== Segment start ==
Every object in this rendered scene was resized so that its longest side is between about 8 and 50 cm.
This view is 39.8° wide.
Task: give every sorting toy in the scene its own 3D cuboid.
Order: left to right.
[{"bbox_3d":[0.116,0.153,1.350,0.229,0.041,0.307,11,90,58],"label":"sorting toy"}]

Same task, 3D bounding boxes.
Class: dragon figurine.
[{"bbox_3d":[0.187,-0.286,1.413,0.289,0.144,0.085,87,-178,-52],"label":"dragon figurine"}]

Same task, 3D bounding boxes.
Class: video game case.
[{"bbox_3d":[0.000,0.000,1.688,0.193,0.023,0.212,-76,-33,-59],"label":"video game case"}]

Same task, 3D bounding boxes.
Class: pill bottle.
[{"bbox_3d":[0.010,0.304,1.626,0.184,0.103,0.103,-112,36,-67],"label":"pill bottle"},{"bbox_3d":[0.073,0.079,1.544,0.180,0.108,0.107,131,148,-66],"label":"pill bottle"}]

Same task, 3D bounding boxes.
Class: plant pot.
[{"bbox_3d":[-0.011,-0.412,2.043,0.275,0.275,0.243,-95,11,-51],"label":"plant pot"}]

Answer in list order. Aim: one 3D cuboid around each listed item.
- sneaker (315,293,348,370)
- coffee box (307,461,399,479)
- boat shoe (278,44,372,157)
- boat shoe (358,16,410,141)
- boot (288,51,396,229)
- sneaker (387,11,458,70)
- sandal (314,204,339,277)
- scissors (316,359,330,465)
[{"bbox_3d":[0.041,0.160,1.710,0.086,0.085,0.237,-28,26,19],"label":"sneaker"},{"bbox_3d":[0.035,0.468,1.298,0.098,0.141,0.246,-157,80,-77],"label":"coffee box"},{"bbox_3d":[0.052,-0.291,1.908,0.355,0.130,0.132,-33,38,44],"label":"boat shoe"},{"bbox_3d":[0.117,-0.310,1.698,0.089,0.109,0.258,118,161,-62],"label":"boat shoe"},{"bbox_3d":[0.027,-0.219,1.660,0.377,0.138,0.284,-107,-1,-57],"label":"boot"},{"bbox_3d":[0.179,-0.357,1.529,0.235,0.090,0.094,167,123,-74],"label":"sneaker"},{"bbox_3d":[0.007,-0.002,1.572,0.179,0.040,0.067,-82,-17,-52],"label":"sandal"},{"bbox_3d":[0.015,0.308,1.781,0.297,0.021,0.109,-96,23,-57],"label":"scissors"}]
== Segment end ==
(Work instructions):
Restate each of the records exactly, leaving nothing out.

(Output for this task):
Every object in this rendered scene was resized so that its longest side is between about 8 and 50 cm.
This view is 39.8° wide.
Task: give every sorting toy in the scene its own 3D cuboid.
Order: left to right.
[{"bbox_3d":[0.116,0.153,1.350,0.229,0.041,0.307,11,90,58],"label":"sorting toy"}]

Same task, 3D bounding boxes.
Class: dragon figurine.
[{"bbox_3d":[0.187,-0.286,1.413,0.289,0.144,0.085,87,-178,-52],"label":"dragon figurine"}]

Same task, 3D bounding boxes.
Class: video game case.
[{"bbox_3d":[0.000,0.000,1.688,0.193,0.023,0.212,-76,-33,-59],"label":"video game case"}]

Same task, 3D bounding boxes.
Class: pill bottle.
[{"bbox_3d":[0.010,0.304,1.626,0.184,0.103,0.103,-112,36,-67],"label":"pill bottle"},{"bbox_3d":[0.073,0.079,1.544,0.180,0.108,0.107,131,148,-66],"label":"pill bottle"}]

Same task, 3D bounding boxes.
Class: plant pot.
[{"bbox_3d":[-0.011,-0.412,2.043,0.275,0.275,0.243,-95,11,-51],"label":"plant pot"}]

Answer in list order. Aim: one 3D cuboid around each listed item.
- sneaker (315,293,348,370)
- coffee box (307,461,399,479)
- boat shoe (278,44,372,157)
- boat shoe (358,16,410,141)
- boot (288,51,396,229)
- sneaker (387,11,458,70)
- sandal (314,204,339,277)
- scissors (316,359,330,465)
[{"bbox_3d":[0.041,0.160,1.710,0.086,0.085,0.237,-28,26,19],"label":"sneaker"},{"bbox_3d":[0.035,0.468,1.298,0.098,0.141,0.246,-157,80,-77],"label":"coffee box"},{"bbox_3d":[0.052,-0.291,1.908,0.355,0.130,0.132,-33,38,44],"label":"boat shoe"},{"bbox_3d":[0.117,-0.310,1.698,0.089,0.109,0.258,118,161,-62],"label":"boat shoe"},{"bbox_3d":[0.027,-0.219,1.660,0.377,0.138,0.284,-107,-1,-57],"label":"boot"},{"bbox_3d":[0.179,-0.357,1.529,0.235,0.090,0.094,167,123,-74],"label":"sneaker"},{"bbox_3d":[0.007,-0.002,1.572,0.179,0.040,0.067,-82,-17,-52],"label":"sandal"},{"bbox_3d":[0.015,0.308,1.781,0.297,0.021,0.109,-96,23,-57],"label":"scissors"}]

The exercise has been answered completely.